Hope and I spent the final day clearing out the apartment, moving what we had into storage or into her car for her use during the year at school, and finally settling in for a last evening together in a hotel by the base. We didn’t let go of each other for the better part of six hours. But as 2200 rolled closer we came to terms with the deployment. Putting my uniform on had a profound sense of finality that evening. For those of you who know Hope, you’d know that only a complete idiot would ever want to leave her for a year. We are so ridiculously happy together that we actually make people nauseous around us. We’re one of those couples that are bound to inspire nostalgia among the old and serious jealousy around the single. Still, as cliché as it sounds, some problems are bigger than our lives, and what we might want for ourselves is miniscule compared to what we as a people want for the world. So the boots were laced, the duffel bags were packed, and we drove to base.

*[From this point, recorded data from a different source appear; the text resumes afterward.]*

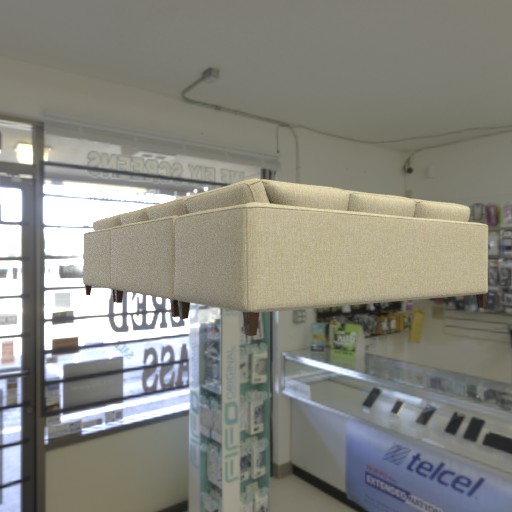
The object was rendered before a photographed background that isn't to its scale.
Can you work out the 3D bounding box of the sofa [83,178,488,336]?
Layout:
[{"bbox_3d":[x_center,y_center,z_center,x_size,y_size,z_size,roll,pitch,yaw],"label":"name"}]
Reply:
[{"bbox_3d":[0.000,0.000,4.433,2.551,0.889,3.403,0,-1,-35],"label":"sofa"}]

The entire platoon, to their credit, was present for deployment. No attempts at desertion, no straggling, no evasion. Even the one soldier who went to jail that night for excessive speeding, who could have drawn out the legal proceedings and missed months of the deployment without raising an eyebrow, quickly settled his affairs and made formation an hour before the flight. Blue Platoon is ready to roll. We drew our weapons from the arms room, completed the flight manifest, and Hope and I even managed to work in a game of Scrabble before we had to move the proceedings to the gym. She (narrowly) won, thus breaking a recent winning streak of mine. Hopefully not an omen.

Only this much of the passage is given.